Nafas pemberontakan yang sedikit panjang dijumpai di Burma Hilir. Pemerintah kolonial Inggris membutuhan waktu satu setengah tahun untuk meredam pemberontakan sampai sepenuhnya habis. Nahasnya, sebanyak tiga ribu pemberontak tewas, termasuk Saya San sebagai pemimpin.
Gagalnya pemberontakan mengantaran kelas petani pada bentuk pertahanan subsistensi yang baru. Patut diakui, bahwa kegagalan yang terjadi sebelumnya memiliki efek traumatis di dalam diri petani. Kelompok petani akhirnya memilih untuk menolong diri sendiri dengan konsekuensi lebih banyak bekerja untuk memenuhi kebutuhan subsistensinya. Sementara itu, secara horizontal, petani memperkuat ikatannya bersama petani lain dengan saling membantu.
Kenyataan bahwa petani merupakan kelompok yang berdiri di tengah air setinggi leher, sehingga ombak kecil dengan mudah menenggelamkannya masih terjadi hingga saat ini. Studi di Indonesia, pada 2020, sebanyak 241 kasus konflik agraria terjadi di 359 kampung/desa, melibatkan 135.337 Kepala Keluarga di atas tanah seluas 624.272,711 hektar. (Catatan Akhir Tahun 2020 Konsorsium Pembaruan Agraria : Pandemi Covid 19 dan Perampasan Tanah Berskala Besar).
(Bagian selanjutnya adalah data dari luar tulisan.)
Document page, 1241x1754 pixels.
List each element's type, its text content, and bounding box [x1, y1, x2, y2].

Konflik tersebut beriringan dengan krisis ekonomi yang melanda Indonesia di masa pandemi Covid 19. Jika pemerintahan kolonialisme di Vietnam dan Burma Hilir menaikan pajak ketika krisis melanda, maka pemerintah Indonesia pun melakukan ekspansi modal dengan merampas tanah-tanah petani di masa pandemi Covid 19.
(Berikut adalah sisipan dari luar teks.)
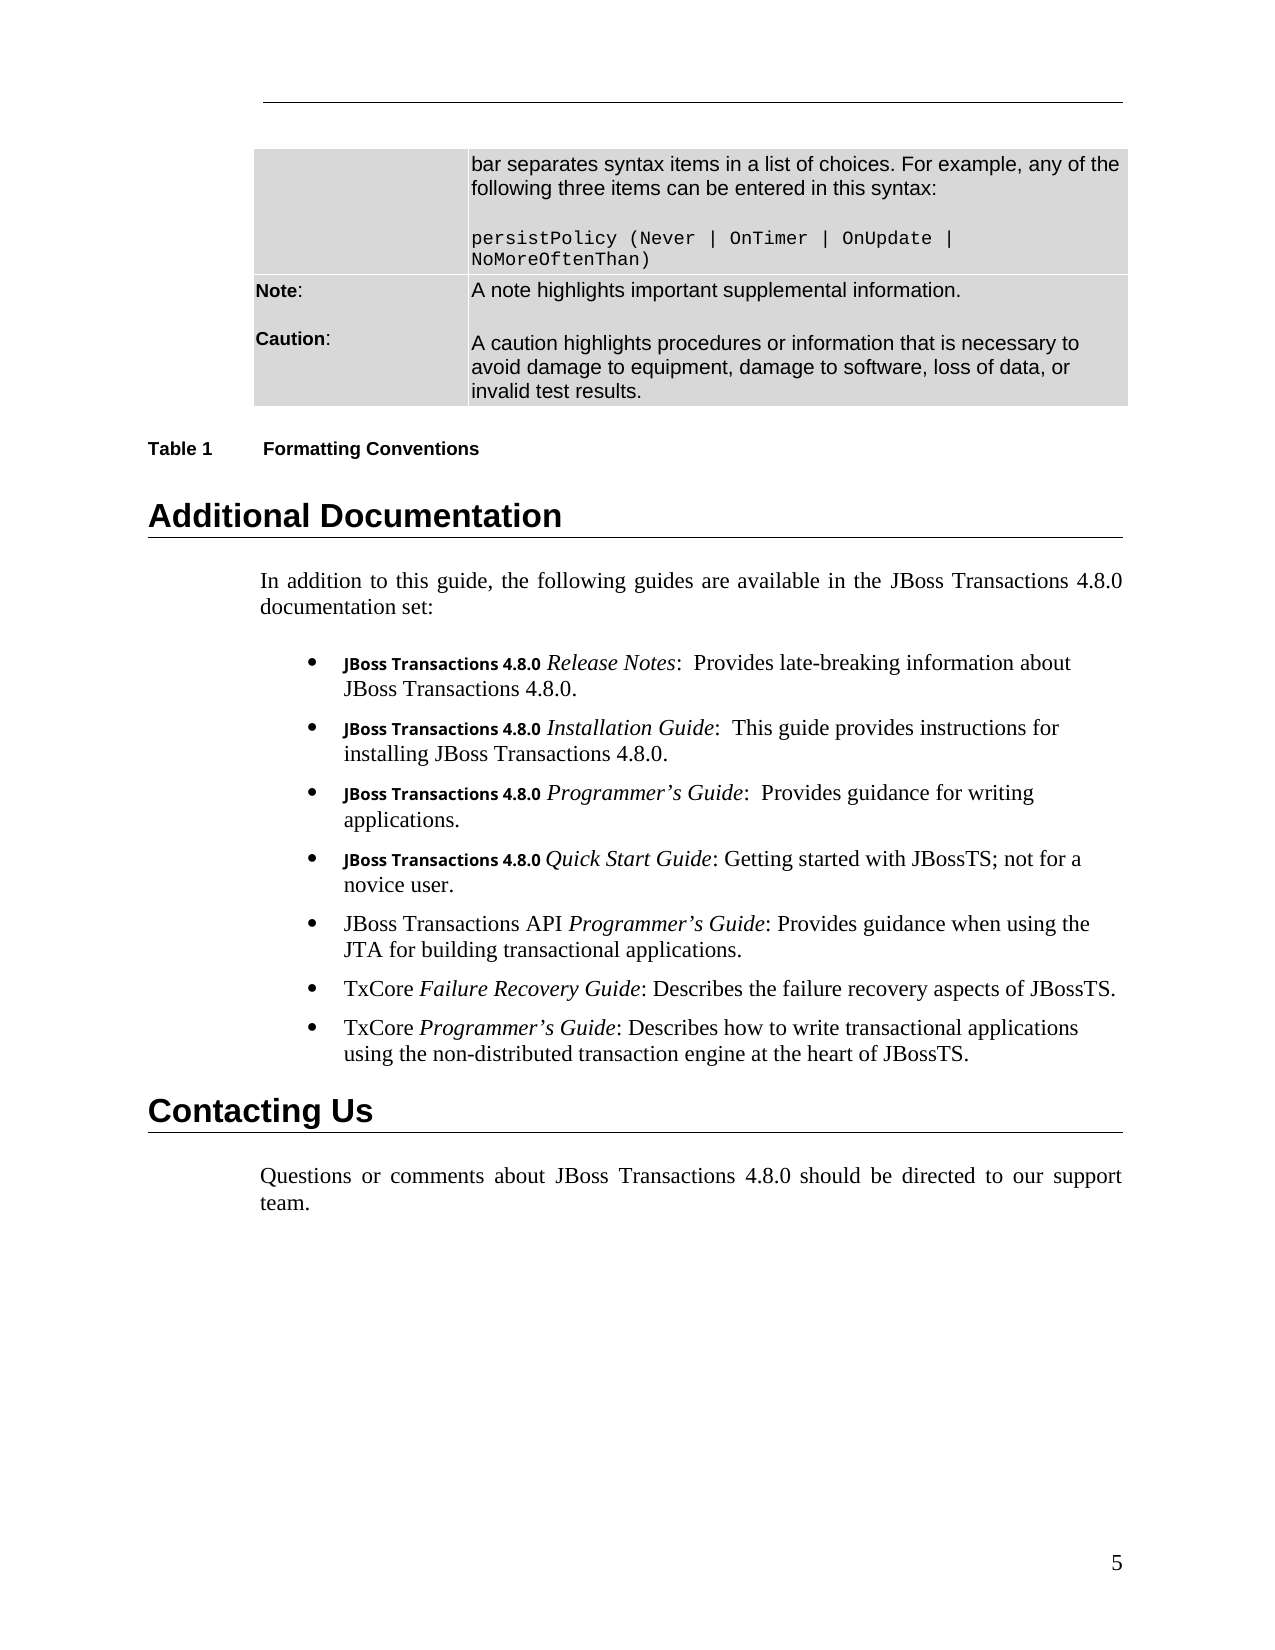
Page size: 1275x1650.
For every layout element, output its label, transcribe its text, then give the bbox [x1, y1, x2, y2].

text In addition to this guide, the following guides are available in the JBoss Transactions 4.8.0 documentation set: [260, 567, 1123, 620]
text Table 1 Formatting Conventions [148, 437, 1123, 459]
table_cell [254, 149, 468, 274]
list JBoss Transactions 4.8.0 Quick Start Guide: Getting started with JBossTS; not for a novice user. [308, 844, 1123, 897]
list JBoss Transactions API Programmer’s Guide: Provides guidance when using the JTA for building transactional applications. [308, 910, 1123, 962]
list JBoss Transactions 4.8.0 Programmer’s Guide: Provides guidance for writing applications. [308, 779, 1123, 832]
text Questions or comments about JBoss Transactions 4.8.0 should be directed to our support team. [260, 1162, 1123, 1215]
list JBoss Transactions 4.8.0 Release Notes: Provides late-breaking information about JBoss Transactions 4.8.0. [308, 649, 1123, 702]
list TxCore Programmer’s Guide: Describes how to write transactional applications using the non-distributed transaction engine at the heart of JBossTS. [308, 1014, 1123, 1067]
list TxCore Failure Recovery Guide: Describes the failure recovery aspects of JBossTS. [308, 975, 1123, 1001]
subtitle Additional Documentation [148, 496, 1123, 537]
subtitle Contacting Us [148, 1092, 1123, 1132]
table_cell Note: Caution: [254, 275, 468, 406]
table_cell bar separates syntax items in a list of choices. For example, any of the following three items can be entered in this syntax: persistPolicy (Never | OnTimer | OnUpdate | NoMoreOftenThan) [469, 149, 1128, 274]
list JBoss Transactions 4.8.0 Installation Guide: This guide provides instructions for installing JBoss Transactions 4.8.0. [308, 714, 1123, 767]
table_cell A note highlights important supplemental information. A caution highlights procedures or information that is necessary to avoid damage to equipment, damage to software, loss of data, or invalid test results. [469, 275, 1128, 406]

Memandang fenomena-fenomena di atas, membuat buku Moral Ekonomi Petani : Pergolakan dan Subsistensi di Asia Tenggara sangat relevan untuk dibaca. James C. Scott memiliki pembahasan yang cukup kompleks dalam membahas perilaku ekonomi petani. James C. Scott cukup hati-hati, khususnya ketika membahas eksploitasi dan penindasan yang dialami oleh petani. Prinsip dari bawah ke atas di dalam melakukan penelitian menjadi kelebihannya.